231 Eldridge Street, New York NY 10002 (between Stanton and E. Houston; map); 212-529-3133; familyrecipeny.com/
Service: Friendly and familial
Setting: Small but comfortable
Must-Haves: Menu changes regularly
Cost: $6 to $25 per dish
Tokyo-born chef-owner Akiko Turnauer has a pretty solid resume of restaurants under her belt, including stints at Nobu and SoHo's former Kitchen Club. Eschewing the high-end fusion trappings of her former employers, she's decided to go back to her traditional roots to bring homestyle Japanese cooking to her new Chinatown restaurant Family Recipe.
The food is not Japanese per se, but it's not meant to be. Rather, it draws on Akiko's childhood travels throughout the world with her food-obsessed father. Ingredients are strongly seasonal and high quality, while cooking techniques remain simple, mostly drawing from classic Japanese homestyle method—grilling, sauteeing, simmering, and steaming.
A small amuse of cucumber slices topped with a bit of well seasoned, smoky sauteed shredded cabbage set the tone for the meal. There's no question that this is home cooking. Not fancy, about as un-rarefied as you can get; straightforward and simple in its flavors. I'm not sure who the eponymous Alice is for the Alice's Pickles ($6) but I do like her style.
Persimmons and beets are not common fare for Japanese-style tsukemono—the salted or brined fresh pickles common to Japanese cuisine and often served alongside rice or sake—but they work. These pickles come out crisp and briny.
Pork Belly Buns ($12.50 for 2) are another staple on the menu, and with good reason. Fluffy white steamed buns come wrapped around slices of marinated pork with scallions, red shiso paste, and a ginger mayonnaise. If you're used to the McChicken-esque mayo bombs at places like Momofuku, you might be disappointed, but I personally prefer the lighter flavor and meatier texture of these little sandwiches.
Grilled Tofu Skewers ($6) had the potential to be awesome—I love both tofu and the miso paste that tops them—but they were marred by inferior texture. The tofu was simply too firm and cottony to be enjoyable. A much better vegetarian-based option was the Eringi Salad ($11), which featured a giant, meaty, perfectly grilled King Oyster mushroom with a deeply savory flavor served with a refreshing mizuna salad dotted with pink peppercorns. This salad with a bowl of pickles is the kind of food I could imagine my own grandmother serving.
Like the appetizers, meat dishes were a bit hit or miss. Roasted Chicken with XO Sauce was perfectly cooked with nice crisp skin and even breast meat that was moist and tender, and the XO sauce it came with was well balanced with a pungent dried seafood aroma. I just didn't care much for the way they came together. Indeed, even on the plate they seemed to be completely separate elements.
Their Rice Bowls ($12 to $17) are solid.
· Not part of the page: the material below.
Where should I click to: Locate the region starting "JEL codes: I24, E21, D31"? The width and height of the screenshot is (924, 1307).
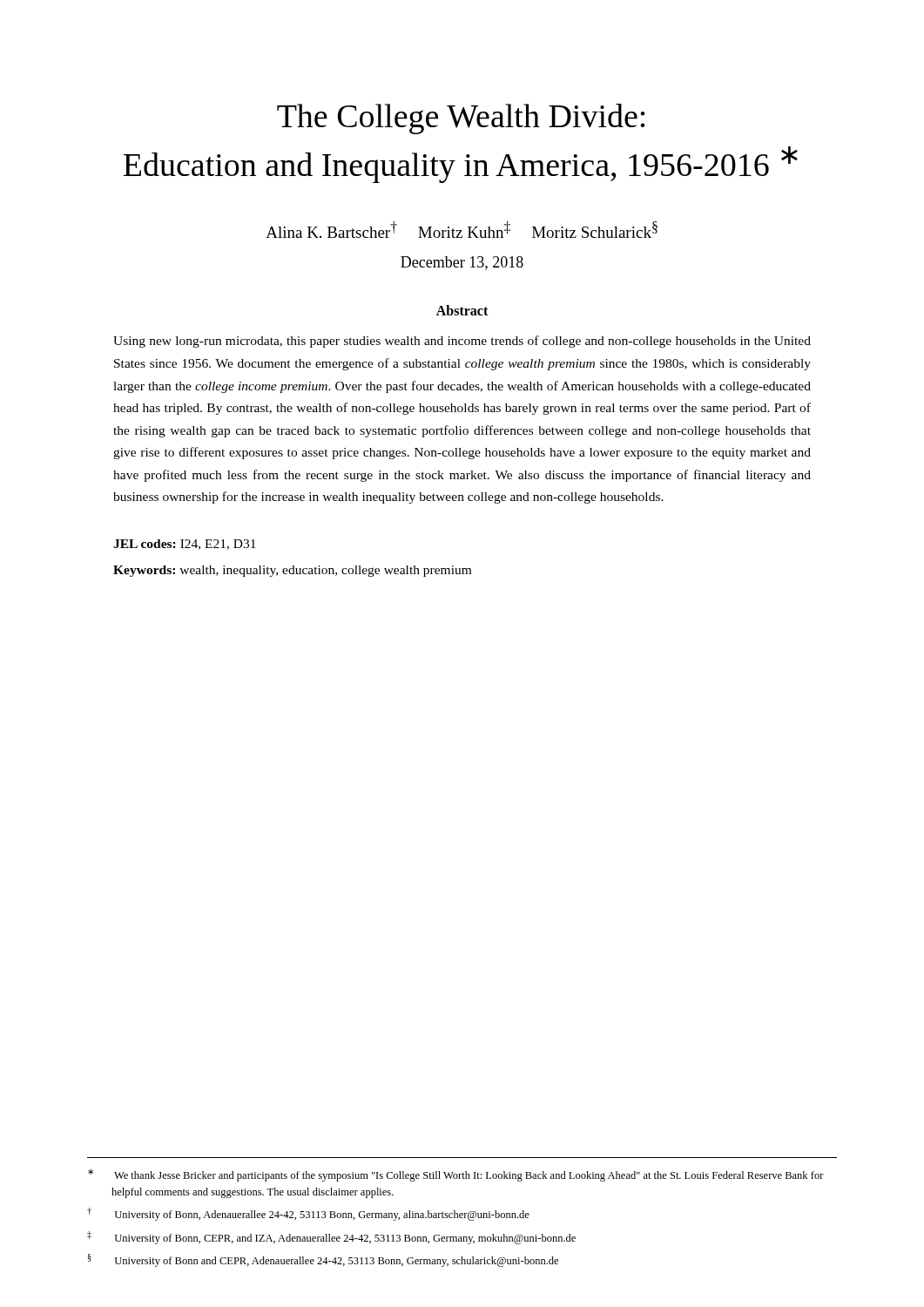185,545

I particularly enjoyed a special of the day featuring brown rice cooked in a miniature cast iron pot topped with marinated bean sprouts and rosy grilled pork cheeks along with a sweet soy-based sauce. Though the cheeks were flavorful and well marbled, they could have been sliced a bit thinner—their thickness made them tough to eat, especially because they were served only with a spoon.
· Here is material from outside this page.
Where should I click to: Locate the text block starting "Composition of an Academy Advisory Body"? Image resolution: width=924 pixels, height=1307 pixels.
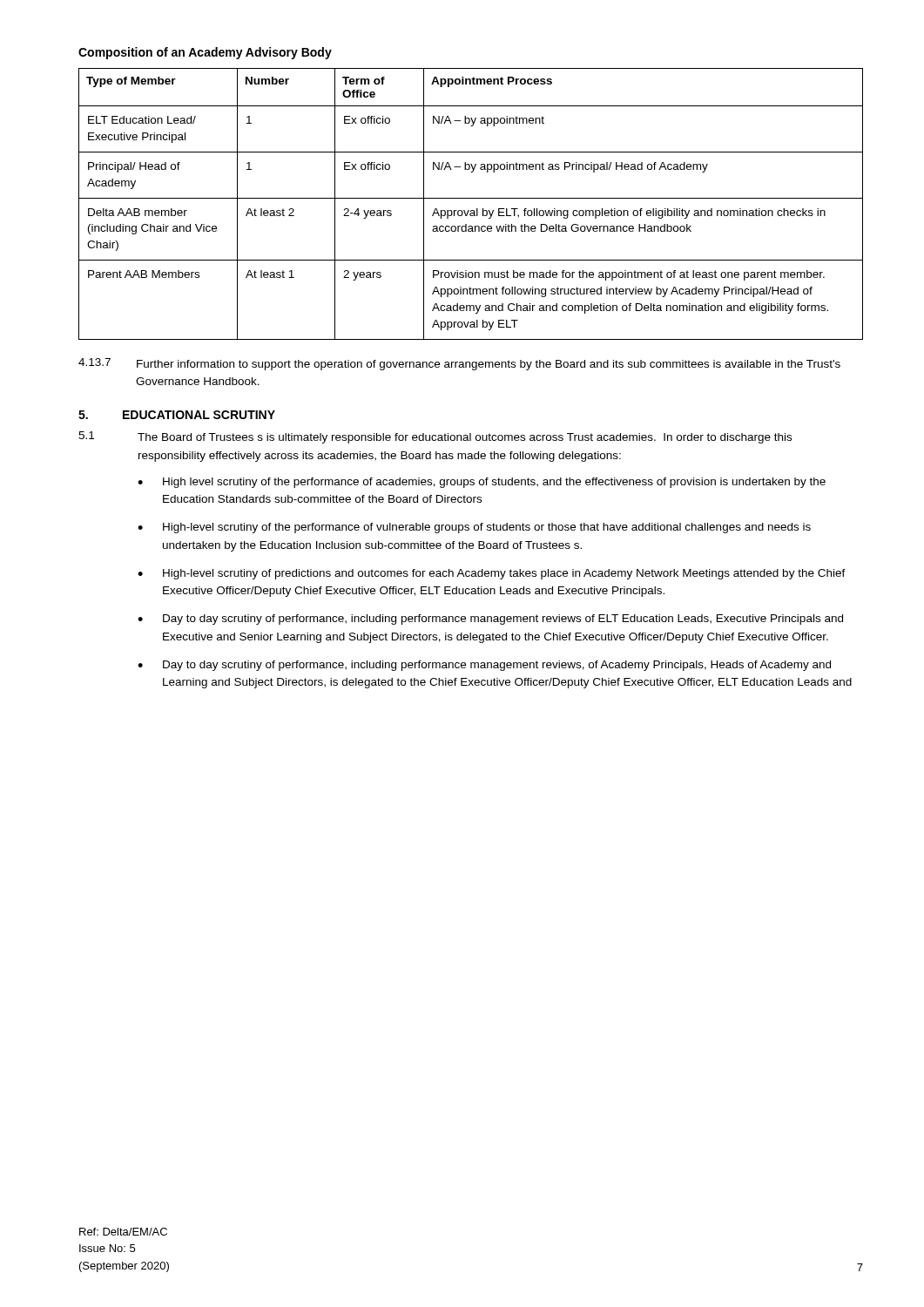205,52

A cute sextuplet of one-bite ice cream cones were completely skippable with a grainy texture and not much flavor.
I strongly admire what Akiko is doing here: trying to introduce us to a style of Japanese cooking that is not well represented in the city. It's hardly traditional Japanese in terms of ingredients or even preparation, but in its spirit and in its balance of flavors and cooking techniques, it's wholeheartedly Japanese, and it's clearly got plenty of soul—something that's mirrored in the friendly, attentive service that shows Japanese politeness and hospitality at its best.
With a bit of tweaking, the dishes would be truly satisfying.